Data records
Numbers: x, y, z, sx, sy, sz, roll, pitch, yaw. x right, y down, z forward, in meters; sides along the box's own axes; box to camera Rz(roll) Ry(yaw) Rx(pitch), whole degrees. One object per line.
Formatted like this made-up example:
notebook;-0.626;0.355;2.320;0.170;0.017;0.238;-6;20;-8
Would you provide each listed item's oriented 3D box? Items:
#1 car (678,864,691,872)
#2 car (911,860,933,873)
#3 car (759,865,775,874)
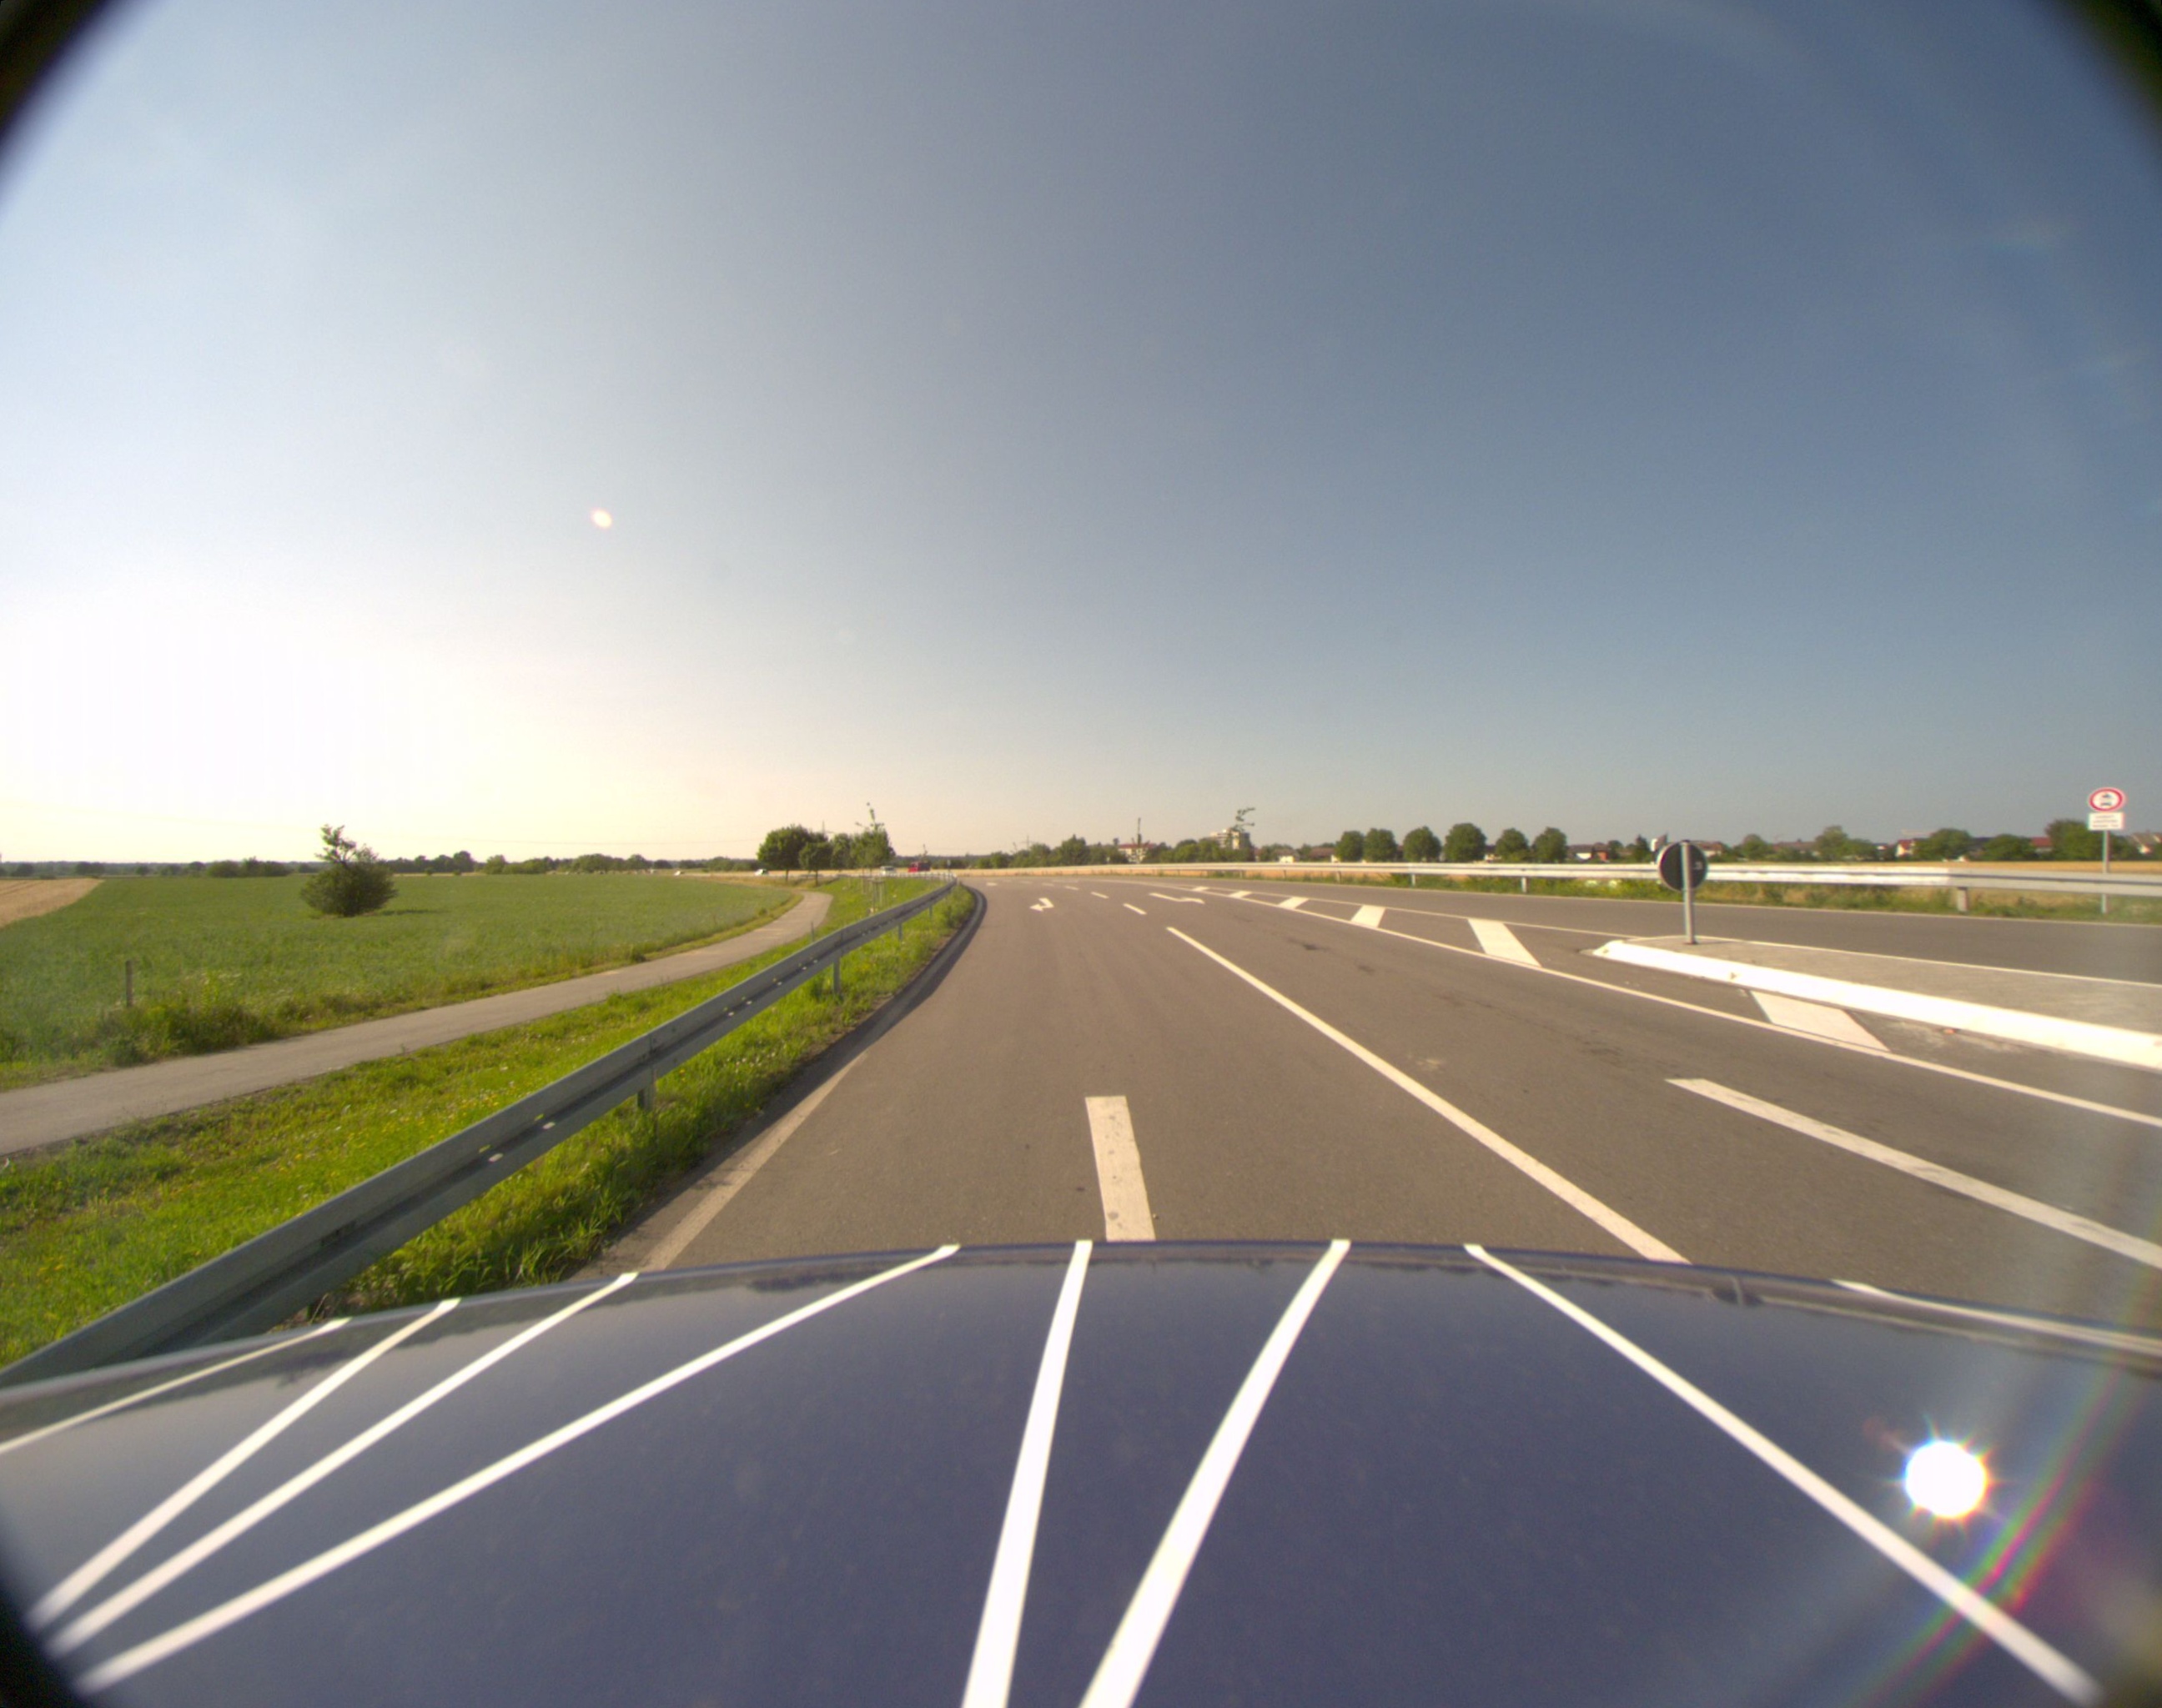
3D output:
car;-110.310;3.967;211.360;2.004;2.002;3.989;-3;1;-44
car;-20.917;1.622;100.002;1.817;1.663;3.991;-3;1;-27
car;-66.947;3.343;161.979;2.004;1.746;3.989;-1;-1;-42

## Problem description
The data above should be repeated exactly, minus any pictures.

## Answer box
Numbers: x, y, z, sx, sy, sz, roll, pitch, yaw. x right, y down, z forward, in meters; sides along the box's own axes; box to camera Rz(roll) Ry(yaw) Rx(pitch), whole degrees. One object per line.
Formatted like this made-up example:
notebook;-0.626;0.355;2.320;0.170;0.017;0.238;-6;20;-8
Would you provide each listed item's oriented 3D box? Items:
#1 car (678,864,691,872)
#2 car (911,860,933,873)
#3 car (759,865,775,874)
3D output:
car;-110.310;3.967;211.360;2.004;2.002;3.989;-3;1;-44
car;-20.917;1.622;100.002;1.817;1.663;3.991;-3;1;-27
car;-66.947;3.343;161.979;2.004;1.746;3.989;-1;-1;-42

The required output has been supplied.